Task statement: Below are the records; give again exactly the line with "table_cell 9 [119, 490, 184, 523]", the line with "table_cell Bleed(1)+Impair(1) [185, 387, 414, 420]", and each line that lies between them, and nothing besides.

Record excerpts:
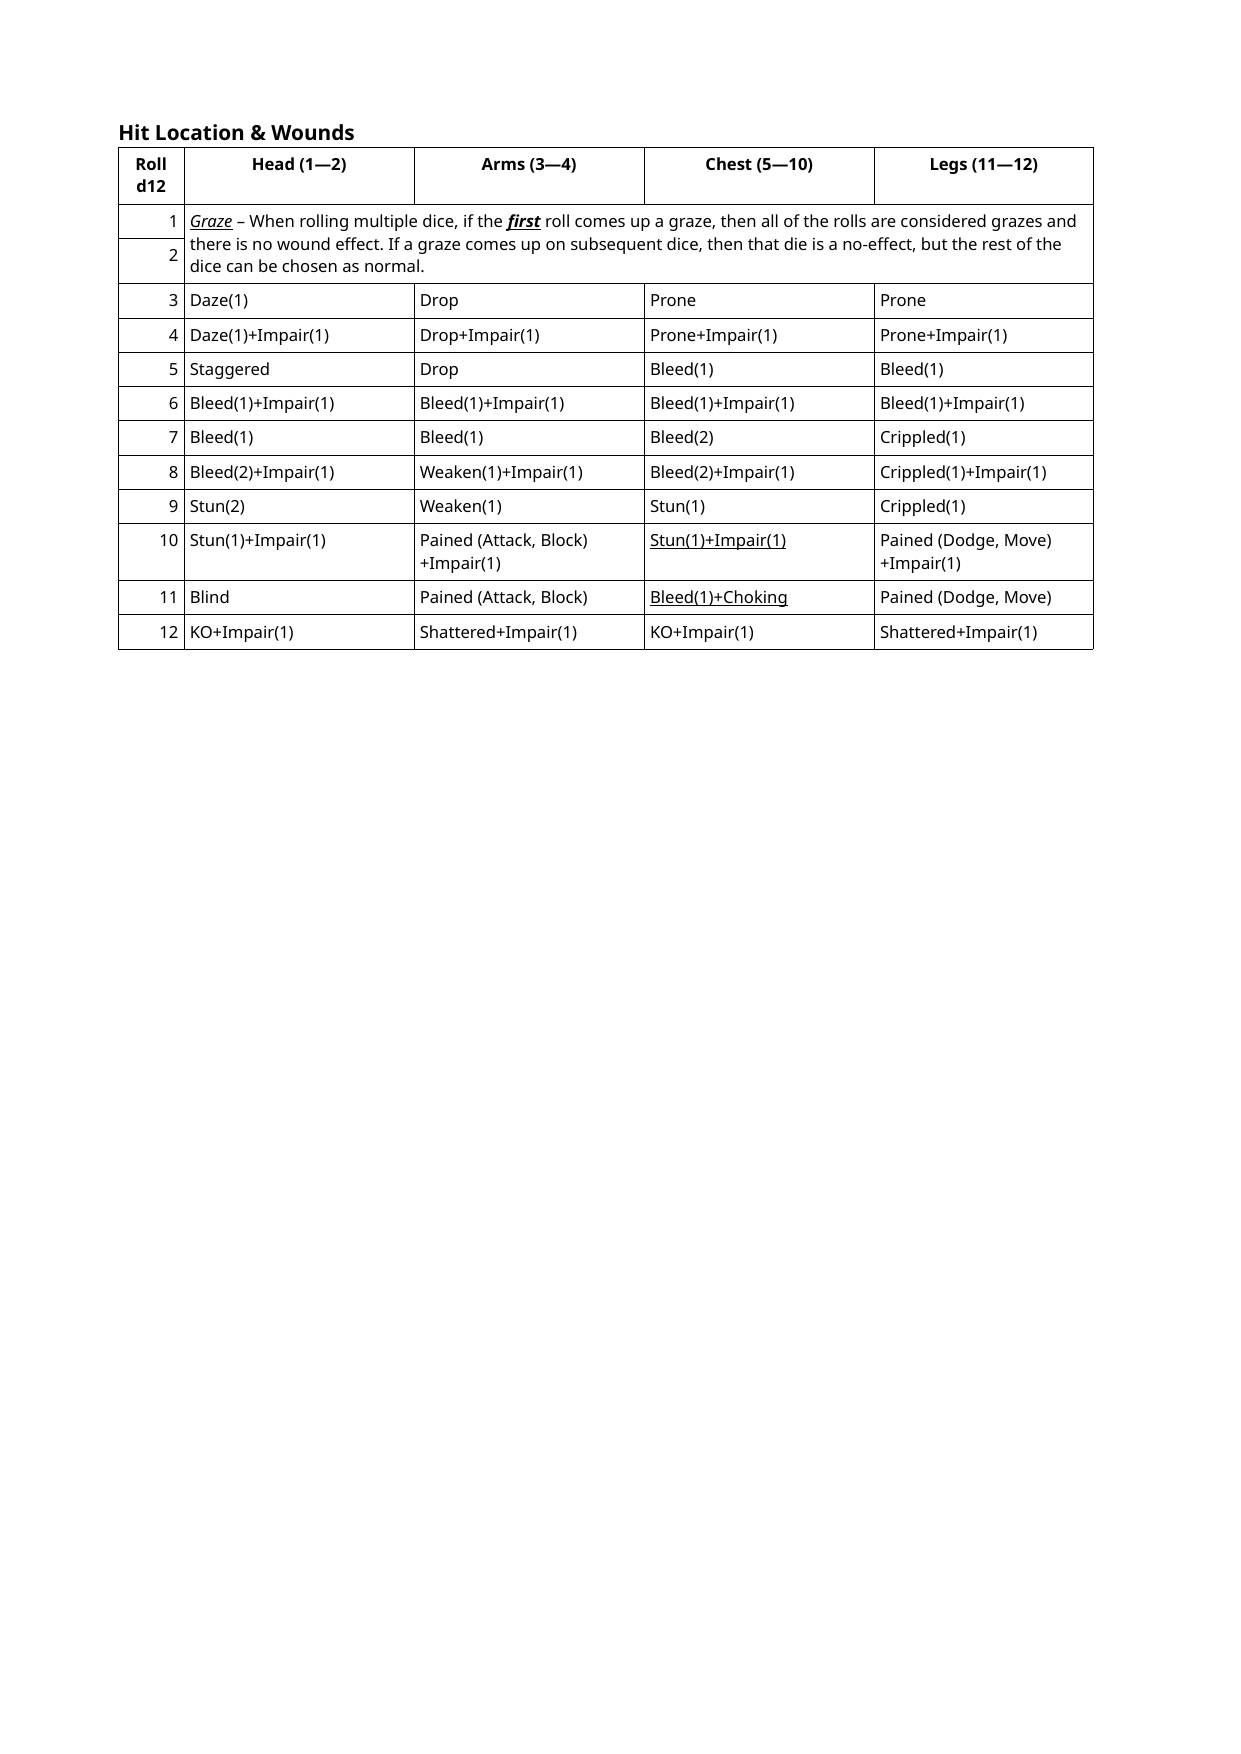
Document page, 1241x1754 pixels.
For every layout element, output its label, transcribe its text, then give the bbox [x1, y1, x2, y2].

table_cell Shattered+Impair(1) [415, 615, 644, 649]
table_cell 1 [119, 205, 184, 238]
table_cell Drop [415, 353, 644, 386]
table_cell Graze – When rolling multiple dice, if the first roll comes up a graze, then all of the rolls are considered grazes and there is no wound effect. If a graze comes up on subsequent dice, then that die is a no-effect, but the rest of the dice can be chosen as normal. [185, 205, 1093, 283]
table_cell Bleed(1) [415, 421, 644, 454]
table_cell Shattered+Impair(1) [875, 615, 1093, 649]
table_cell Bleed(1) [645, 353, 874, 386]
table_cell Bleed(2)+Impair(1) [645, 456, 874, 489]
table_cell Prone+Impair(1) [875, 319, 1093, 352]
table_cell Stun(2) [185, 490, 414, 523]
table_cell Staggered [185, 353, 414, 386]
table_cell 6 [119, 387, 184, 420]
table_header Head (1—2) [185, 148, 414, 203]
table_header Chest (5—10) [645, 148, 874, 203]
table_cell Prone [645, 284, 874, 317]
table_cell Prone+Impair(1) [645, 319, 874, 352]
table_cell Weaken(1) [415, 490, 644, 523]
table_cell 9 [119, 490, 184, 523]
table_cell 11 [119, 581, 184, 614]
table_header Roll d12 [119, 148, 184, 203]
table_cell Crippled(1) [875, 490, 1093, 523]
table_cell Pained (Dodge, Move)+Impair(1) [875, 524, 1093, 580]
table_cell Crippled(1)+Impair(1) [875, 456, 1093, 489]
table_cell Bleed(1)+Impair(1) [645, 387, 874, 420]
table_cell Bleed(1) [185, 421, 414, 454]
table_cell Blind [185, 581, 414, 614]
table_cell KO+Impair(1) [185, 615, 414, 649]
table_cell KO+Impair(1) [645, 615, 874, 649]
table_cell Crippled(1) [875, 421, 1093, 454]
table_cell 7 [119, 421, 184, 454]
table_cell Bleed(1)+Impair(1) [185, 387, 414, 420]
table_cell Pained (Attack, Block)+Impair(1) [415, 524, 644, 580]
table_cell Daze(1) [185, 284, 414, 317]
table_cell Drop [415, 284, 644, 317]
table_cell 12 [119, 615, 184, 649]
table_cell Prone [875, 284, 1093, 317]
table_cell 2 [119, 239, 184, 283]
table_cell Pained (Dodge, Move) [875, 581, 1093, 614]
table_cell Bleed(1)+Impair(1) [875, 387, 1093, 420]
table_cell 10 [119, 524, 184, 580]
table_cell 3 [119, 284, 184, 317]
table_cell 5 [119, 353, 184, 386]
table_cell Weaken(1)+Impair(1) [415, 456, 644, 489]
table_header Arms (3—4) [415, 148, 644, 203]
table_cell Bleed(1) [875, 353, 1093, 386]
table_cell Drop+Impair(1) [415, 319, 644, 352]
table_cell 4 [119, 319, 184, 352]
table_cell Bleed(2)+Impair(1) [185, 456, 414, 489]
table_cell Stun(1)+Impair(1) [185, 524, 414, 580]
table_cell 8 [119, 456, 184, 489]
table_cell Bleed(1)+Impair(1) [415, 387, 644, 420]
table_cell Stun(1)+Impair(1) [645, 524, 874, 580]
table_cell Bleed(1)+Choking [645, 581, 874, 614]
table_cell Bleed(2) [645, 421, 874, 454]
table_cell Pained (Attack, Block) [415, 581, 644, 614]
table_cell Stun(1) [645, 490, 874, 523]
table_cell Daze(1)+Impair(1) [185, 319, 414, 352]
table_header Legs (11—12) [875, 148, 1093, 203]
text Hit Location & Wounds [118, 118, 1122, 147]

Task solution:
table_cell 9 [119, 490, 184, 523]
table_cell 11 [119, 581, 184, 614]
table_header Roll d12 [119, 148, 184, 203]
table_cell Crippled(1) [875, 490, 1093, 523]
table_cell Pained (Dodge, Move)+Impair(1) [875, 524, 1093, 580]
table_cell Crippled(1)+Impair(1) [875, 456, 1093, 489]
table_cell Bleed(1)+Impair(1) [645, 387, 874, 420]
table_cell Bleed(1) [185, 421, 414, 454]
table_cell Blind [185, 581, 414, 614]
table_cell KO+Impair(1) [185, 615, 414, 649]
table_cell KO+Impair(1) [645, 615, 874, 649]
table_cell Crippled(1) [875, 421, 1093, 454]
table_cell 7 [119, 421, 184, 454]
table_cell Bleed(1)+Impair(1) [185, 387, 414, 420]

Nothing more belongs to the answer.